2: Continues from Script 1, merging PLINK files across chromosomes into a single dataset, performing PCA to explore population structure.
3: Uses ggplot2 in R to visualize the PCA results, highlighting the population stratification among global populations. This script also integrates demographic data to color-code populations in the bi-plot, providing clear visual insights into genetic diversity.

Step-by-Step Summary

Data conversion and normalisation
- Convert original VCF files to BCF using bcftools, ensuring all variants have unique IDs based on chromosome positions.
- Annotate and reformat using bcftools annotate to adjust variant IDs.
- Normalise and remove duplicate variants to clean the dataset for further analysis.
PLINK file preparation
- Convert BCF files to PLINK format, ensuring allele orders are maintained.
- Prune variants using PLINK to reduce the dataset based on minor allele frequency and linkage disequilibrium.
Data merging and PCA analysis
- Merge all chromosome-specific PLINK files into a single dataset.

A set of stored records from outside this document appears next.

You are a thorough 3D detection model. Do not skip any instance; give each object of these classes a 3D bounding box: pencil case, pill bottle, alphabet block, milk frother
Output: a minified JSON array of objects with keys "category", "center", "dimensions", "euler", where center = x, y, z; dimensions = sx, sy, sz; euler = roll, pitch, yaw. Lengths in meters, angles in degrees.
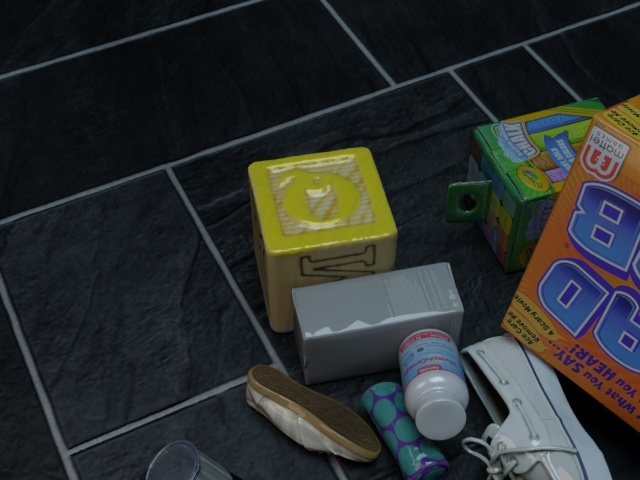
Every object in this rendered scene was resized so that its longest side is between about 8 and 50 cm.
[{"category":"pencil case","center":[0.115,0.267,1.377],"dimensions":[0.065,0.070,0.151],"euler":[-14,50,-22]},{"category":"pill bottle","center":[0.154,0.196,1.360],"dimensions":[0.087,0.087,0.160],"euler":[-1,27,-1]},{"category":"alphabet block","center":[0.000,0.000,1.522],"dimensions":[0.194,0.197,0.192],"euler":[-10,51,-8]},{"category":"milk frother","center":[-0.163,0.351,1.264],"dimensions":[0.129,0.135,0.143],"euler":[-29,43,19]}]

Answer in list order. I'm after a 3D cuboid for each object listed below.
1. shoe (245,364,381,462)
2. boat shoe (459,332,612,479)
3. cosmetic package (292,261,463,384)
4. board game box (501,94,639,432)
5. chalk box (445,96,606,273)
[{"category":"shoe","center":[-0.014,0.252,1.407],"dimensions":[0.219,0.058,0.076],"euler":[30,25,18]},{"category":"boat shoe","center":[0.265,0.273,1.331],"dimensions":[0.157,0.135,0.367],"euler":[-10,47,-8]},{"category":"cosmetic package","center":[0.080,0.122,1.466],"dimensions":[0.238,0.127,0.107],"euler":[-6,50,-7]},{"category":"board game box","center":[0.532,0.028,1.336],"dimensions":[0.356,0.356,0.356],"euler":[-23,51,-41]},{"category":"chalk box","center":[0.343,-0.081,1.604],"dimensions":[0.289,0.180,0.179],"euler":[-16,51,-11]}]

- Perform PCA to identify principal components that explain the maximum variance, indicative of population stratification.

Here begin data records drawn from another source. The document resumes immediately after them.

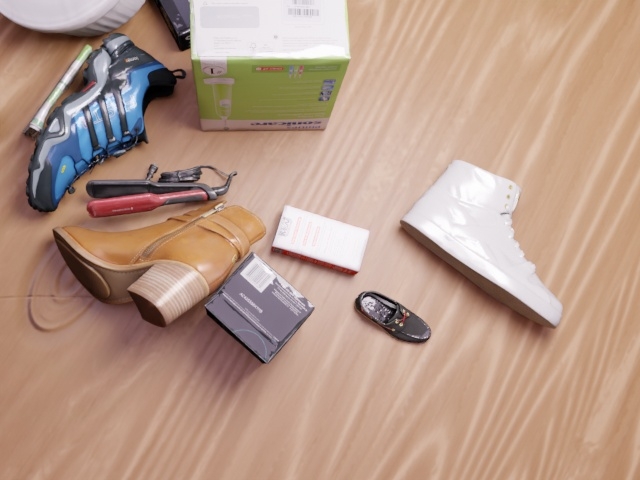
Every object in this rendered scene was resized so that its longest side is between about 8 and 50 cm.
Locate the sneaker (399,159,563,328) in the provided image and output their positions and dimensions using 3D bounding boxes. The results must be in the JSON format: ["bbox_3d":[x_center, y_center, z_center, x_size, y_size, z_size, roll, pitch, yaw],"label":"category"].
[{"bbox_3d":[0.291,-0.005,1.141,0.293,0.108,0.169,38,81,3],"label":"sneaker"}]

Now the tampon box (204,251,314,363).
[{"bbox_3d":[-0.090,0.102,1.051,0.120,0.161,0.101,42,78,1],"label":"tampon box"}]

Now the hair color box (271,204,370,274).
[{"bbox_3d":[0.000,0.000,1.141,0.141,0.043,0.071,18,78,-4],"label":"hair color box"}]

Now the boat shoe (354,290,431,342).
[{"bbox_3d":[0.115,0.121,1.133,0.133,0.042,0.048,29,76,-2],"label":"boat shoe"}]

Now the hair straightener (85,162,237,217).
[{"bbox_3d":[-0.244,-0.093,1.116,0.231,0.047,0.089,-11,57,-10],"label":"hair straightener"}]

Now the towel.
[{"bbox_3d":[-0.400,-0.224,1.110,0.023,0.113,0.152,36,75,-24],"label":"towel"}]

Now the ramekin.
[{"bbox_3d":[-0.374,-0.438,1.104,0.273,0.127,0.272,0,91,14],"label":"ramekin"}]

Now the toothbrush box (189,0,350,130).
[{"bbox_3d":[-0.080,-0.259,1.058,0.206,0.283,0.122,-2,79,-6],"label":"toothbrush box"}]

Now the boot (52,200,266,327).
[{"bbox_3d":[-0.241,-0.003,1.079,0.284,0.109,0.220,18,47,35],"label":"boot"}]

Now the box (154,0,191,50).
[{"bbox_3d":[-0.166,-0.506,1.206,0.293,0.073,0.295,-26,84,-9],"label":"box"}]

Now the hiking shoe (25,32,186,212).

Visualisation and interpretation
- Use ggplot2 and patchwork in R to create bi-plots of the first few principal components.

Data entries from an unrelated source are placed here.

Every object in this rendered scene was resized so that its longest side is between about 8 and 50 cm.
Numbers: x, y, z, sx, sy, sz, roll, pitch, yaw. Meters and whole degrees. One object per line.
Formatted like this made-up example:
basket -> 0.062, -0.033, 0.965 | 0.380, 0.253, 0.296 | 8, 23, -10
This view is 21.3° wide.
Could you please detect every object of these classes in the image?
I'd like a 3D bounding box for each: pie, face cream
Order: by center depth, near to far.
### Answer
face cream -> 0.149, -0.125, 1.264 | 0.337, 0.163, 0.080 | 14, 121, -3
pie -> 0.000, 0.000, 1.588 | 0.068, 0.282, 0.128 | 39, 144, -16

- Overlay population data to visually interpret population structure and genetic diversity.

Conclusion

This reference panel and PCA analysis provide a framework for understanding genetic diversity and population structure within global populations, using the latest 1000 Genomes Project data. This methodological approach is essential for genomic studies requiring a comprehensive understanding of genetic backgrounds.